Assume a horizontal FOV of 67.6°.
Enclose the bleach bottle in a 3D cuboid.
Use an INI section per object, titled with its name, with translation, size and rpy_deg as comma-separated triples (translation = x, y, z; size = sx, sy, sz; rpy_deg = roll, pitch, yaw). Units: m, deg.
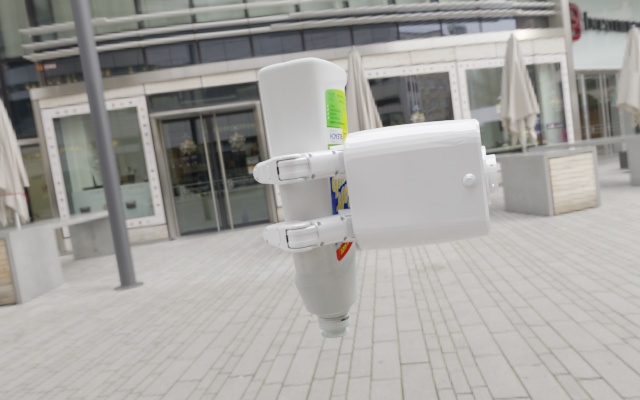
[bleach bottle]
translation = 0.000, 0.001, 0.454
size = 0.068, 0.251, 0.102
rpy_deg = -6, 5, 20
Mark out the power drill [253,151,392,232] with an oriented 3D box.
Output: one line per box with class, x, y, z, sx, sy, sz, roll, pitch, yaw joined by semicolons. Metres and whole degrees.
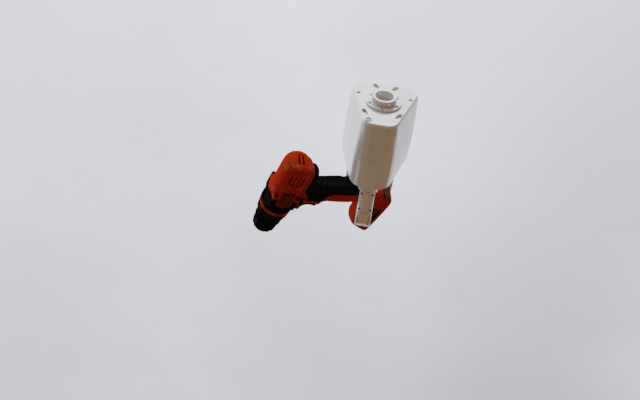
power drill;0.001;0.002;0.743;0.187;0.057;0.184;6;-33;-23
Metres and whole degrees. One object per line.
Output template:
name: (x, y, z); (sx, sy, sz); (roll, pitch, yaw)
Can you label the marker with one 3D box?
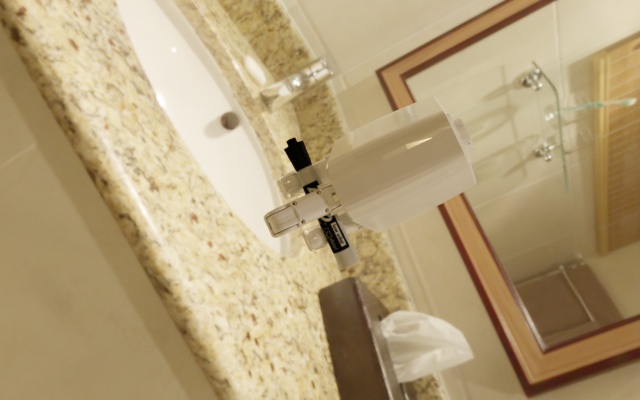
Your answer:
marker: (0.000, 0.001, 0.415); (0.020, 0.121, 0.020); (-25, 0, 0)
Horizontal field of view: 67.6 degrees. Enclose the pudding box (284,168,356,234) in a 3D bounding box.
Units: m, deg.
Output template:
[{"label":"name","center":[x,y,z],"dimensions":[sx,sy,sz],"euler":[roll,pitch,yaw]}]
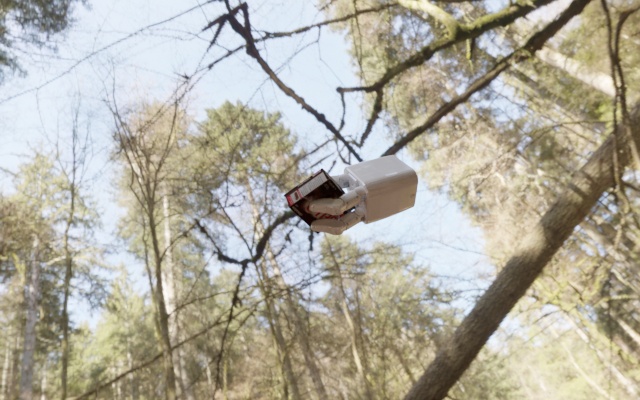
**********
▶ **Problem requirements**
When a line in the listing has the word "label", return that line.

▶ **Answer to the exercise**
Can you label the marker with one 3D box?
[{"label":"name","center":[x,y,z],"dimensions":[sx,sy,sz],"euler":[roll,pitch,yaw]}]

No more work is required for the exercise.